April is Autism Awareness Month, so I thought it was about time I had a coming out of the closet (no – not that closet!) party for myself. Simply put, I have Asperger Syndrome, a pervasive developmental disorder closely associated with autism. To some of my peers and colleagues, this may come as a surprise. Others may have seen it from a mile away (as one told me when we were talking about this a couple of weeks ago). For most of my adult life, I have tried to hide behind a facade of being neurotypical, but I have finally come to terms with this enough to openly talk about it.
My History As An Aspie
The term Asperger Syndrome was not coined until 1981 (despite initial research being conducted nearly 40 years prior), and the diagnosis was added to the DSM IV in 1994. As a result, I was a freshman in high school before there was a category for my behaviors and social difficulties. During elementary school (in the 80s), you really fell into one of three categories: hyperactive, retarded, or “get over it.” Autism at the time was considered a form of mental retardation, and you had to be pretty low-functioning to be labeled as autistic.
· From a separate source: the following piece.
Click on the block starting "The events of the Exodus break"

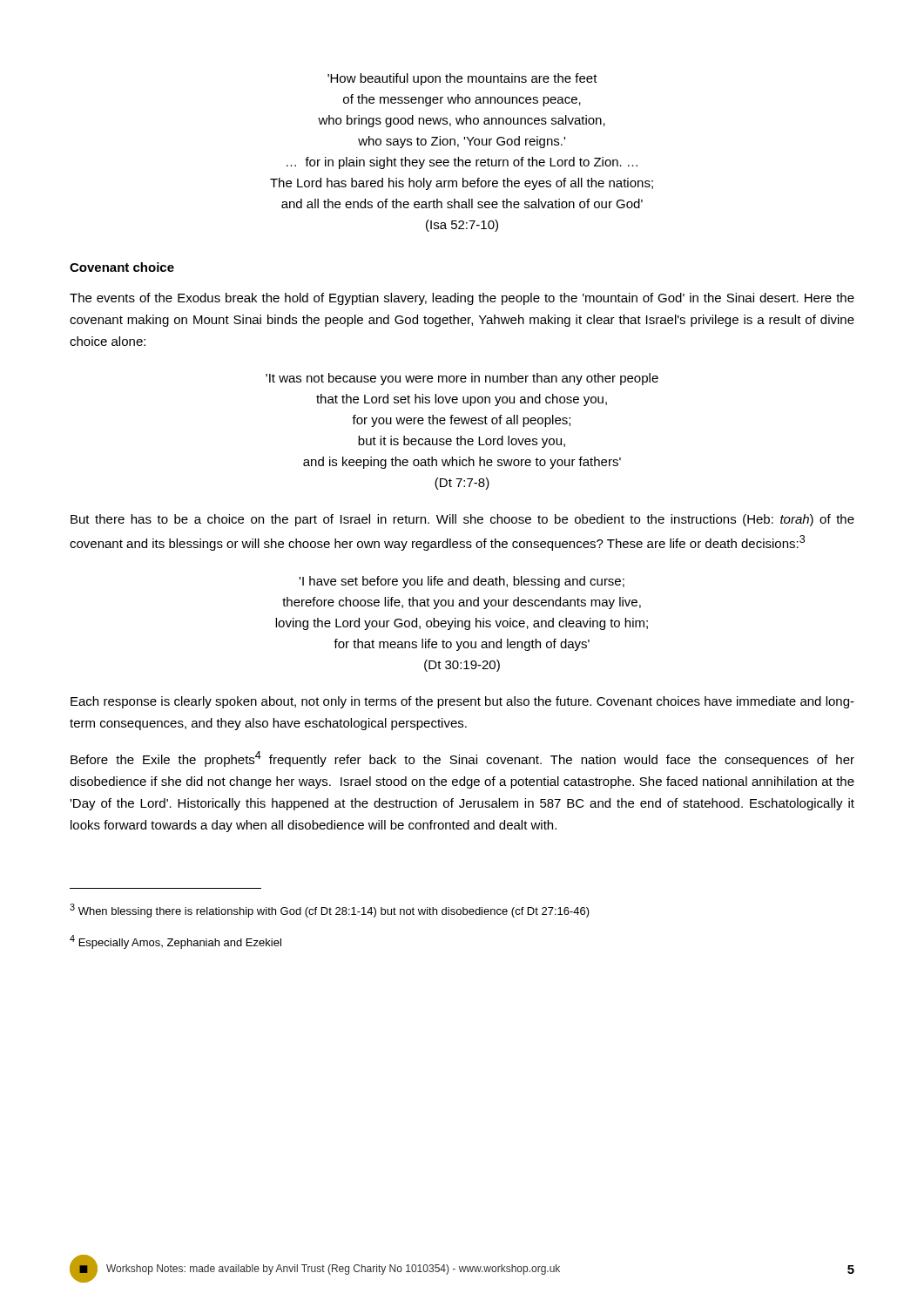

Since then, more study has been conducted on the broad spectrum of autism and related conditions – referred to as pervasive developmental disorders (PDDs). Unfortunately, this work was of no benefit to me as I struggled emotionally with the difficulties of my condition; I was the weird kid, a target for bullies, and a loner. I found more solace in my collections than in other humans. Mind you, this is not meant to create a heart-wrenching drama. I’m just putting things in perspective.
I became what seemed to be a very self-absorbed adolescent, which is a common perception of many individuals with AS. Friendships were rocky and short-lived. I absolutely could not handle rejection of any form, and I was slumping into deeper and deeper depression as I entered high school. I was a complete and total mess. I would even make up elaborate lies about my health or some other aspect of my life in order to create some kind of connection (even if it was a fraudulent one) with my peers.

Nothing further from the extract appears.